On my skin, this By Kilian fragrance takes a while to truly reveal the direction it wants to go in. It’s a few initial waves of varying floral blends, before it really settles on ylang-ylang, gardenia, and tuberose.

Those three are going to be the main attractions here. Sitting on a base of musk, sandalwood, and some vanilla (even if it’s not listed). So, opening the ylang-ylang stars. Later, I get more of the tuberose (but ylang-ylang is persistent). Finally, it ends with the gardenia, giving it a creamy sweetness with the woods, musk, and vanilla.

Once I get past the first few waves, it’s pretty much set in stone how it’s going to smell, just with some maneuverings between the main three floral notes.


Sillage, Longevity, and Versatility

Sillage wise, it’s above average. It certainly doesn’t come across as a bomb on my skin. It sticks pretty close by and has a nice scent bubble of 3-5 feet for me. Solid, not crazy or anything.

Voulez-vous Coucher does perform well, however. I get 8-9 hours of wear from it during the day. That’s about what I should expect for the price and Kilian usually doesn’t disappoint with the performance on a majority of these scents.
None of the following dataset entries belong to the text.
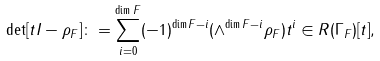Convert formula to latex. <formula><loc_0><loc_0><loc_500><loc_500>\det [ t I - \rho _ { F } ] \colon = \sum _ { i = 0 } ^ { \dim F } ( - 1 ) ^ { \dim F - i } ( \wedge ^ { \dim F - i } \rho _ { F } ) t ^ { i } \in R ( \Gamma _ { F } ) [ t ] ,</formula> 
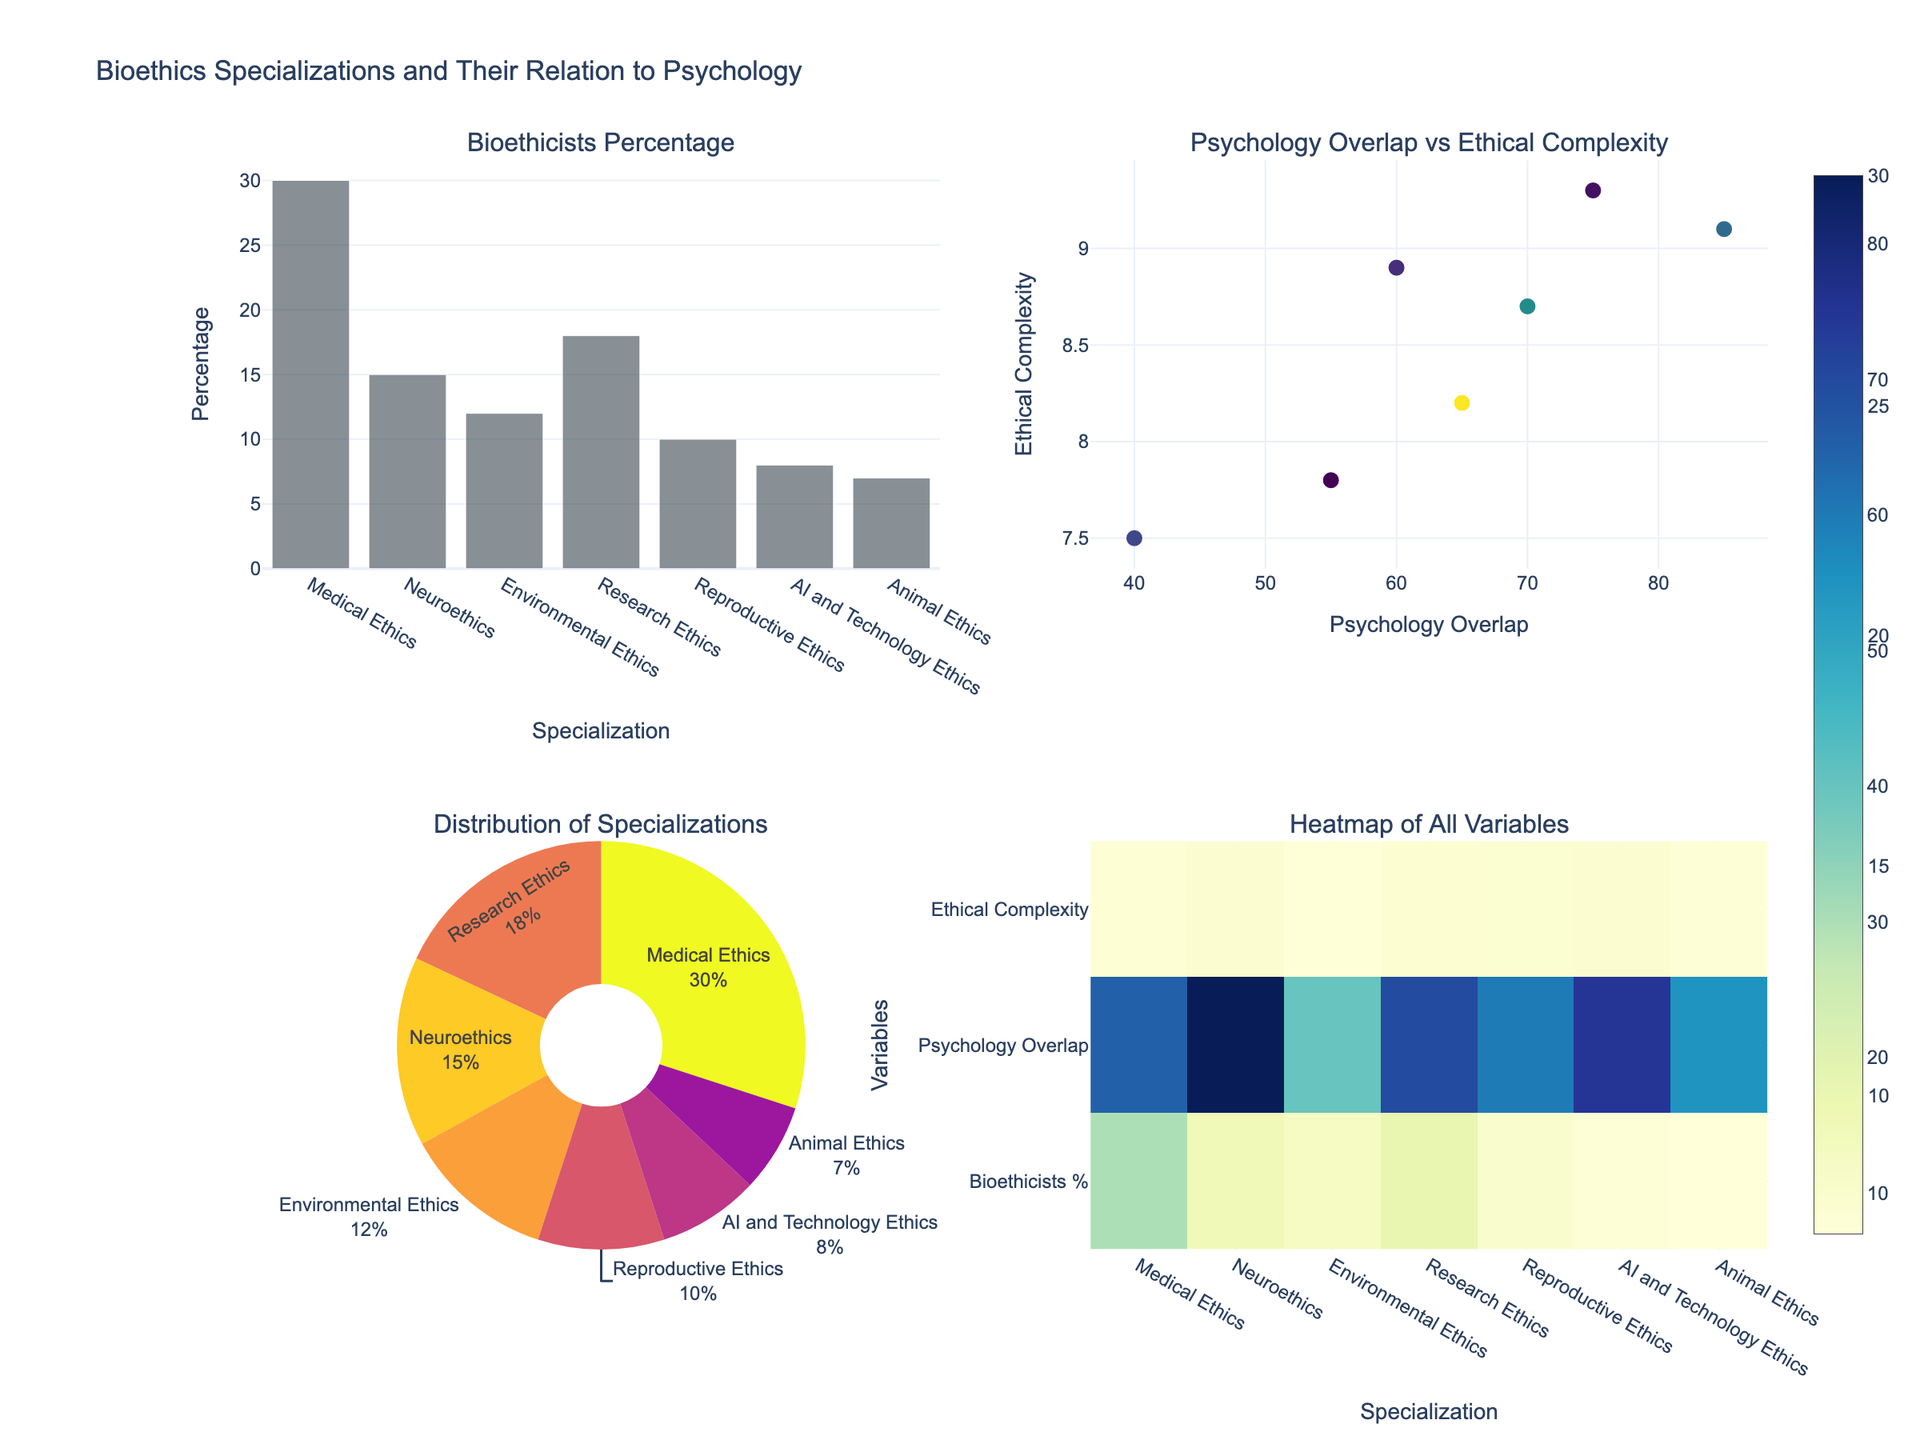What's the percentage of bioethicists focused on Medical Ethics? Refer to the bar chart or the pie chart in the figure where the "Medical Ethics" label indicates the percentage. The bar chart shows 30%, and the same can be confirmed in the pie chart.
Answer: 30% What is the specialization with the highest ethical complexity? Look at the scatter plot, where ethical complexity is mapped on the y-axis, and the specialization with the highest value is "AI and Technology Ethics" at 9.3.
Answer: AI and Technology Ethics Compare the psychology overlap percentages between Neuroethics and Environmental Ethics. Which one is greater? Look at the bar chart or the scatter plot for the psychology overlap percentages. Neuroethics has a higher percentage (85%) compared to Environmental Ethics (40%).
Answer: Neuroethics Which specialization has the least percentage of bioethicists? Refer to the bar chart or pie chart where the specialization with the smallest portion is identified. "Animal Ethics" has the lowest percentage at 7%.
Answer: Animal Ethics What is the average ethical complexity across all specializations? Use the values from the data: (8.2 + 9.1 + 7.5 + 8.7 + 8.9 + 9.3 + 7.8) / 7 = 59.5 / 7 = 8.5
Answer: 8.5 Is there any specialization with a psychology overlap below 50%? Refer to the bar chart or heatmap to identify psychology overlap percentages. "Environmental Ethics" is the only specialization with a psychology overlap of 40%, which is below 50%.
Answer: Environmental Ethics Which specializations fall in the range of 50-70% psychology overlap? Check the scatter plot and bar chart for this range: "Medical Ethics" (65%), "Research Ethics" (70%), "Reproductive Ethics" (60%), and "Animal Ethics" (55%).
Answer: Medical Ethics, Research Ethics, Reproductive Ethics, Animal Ethics What is the correlation between psychology overlap and ethical complexity? This requires assessing the scatter plot where psychology overlap (x-axis) is plotted against ethical complexity (y-axis). The points show a positive correlation, meaning higher psychology overlap tends to align with higher ethical complexity.
Answer: Positive correlation How evenly is the bioethicist distribution spread among the specializations? Look at the pie chart for an overview. The distribution is skewed, with "Medical Ethics" having the largest share and "Animal Ethics" the smallest.
Answer: Skewed distribution

Seasonally, this would work anytime outside of the high heat of summer. Summer nights, probably, just avoid the day. Ideally, I’d like this as an autumn perfume, that leans toward use in the nightlife.

While many Kilian fragrances are unisex, this is one of them that goes much more in the feminine direction. As a man, I wouldn’t wear this (outside of having to test it for the site), but it’d work well for a woman that I’m dating.

That being said, this is an attractive perfume, but I don’t really find it to be ‘sexy’. It’s a sweet floral that has more of a nighttime vibe, while being versatile enough to wear during the day. I don’t know, maybe other folks find this to be seductive, but to me it’s another pleasant floral blend.


Overall Impressions of Voulez-Vous Coucher Avec Moi

Overall, do I like this perfume? I like it, but don’t love it. I especially hate having to type out that long title. Smell wise? It’s a very nice scent, it feels familiar and quite a bit like many other white floral perfumes, while still retaining its own identity.

The powdery aspect and the sweetness that comes off of this fragrance, does kind of get on my nerves. It’s not something that I need to scrub or anything, but it’s not my favorite.

Based on the name, I was expecting something sexier. Instead, it seems more like an update to an older style of perfume.

It doesn’t have a massive projection off of my skin, which is weird, because I read a few reviews and folks said this was really strong. Maybe, it’s just me? Though, it did stick around for a good while.

I can’t say that Voulez-vous Coucher Avec Moi is a bad perfume. It’s actually pretty good across the board, which to me, is a problem for the price point.

It doesn’t make my top ten from Kilian, so, unless you’re a really big floral fan or of these particular notes…I’m not sure it makes sense to blind buy.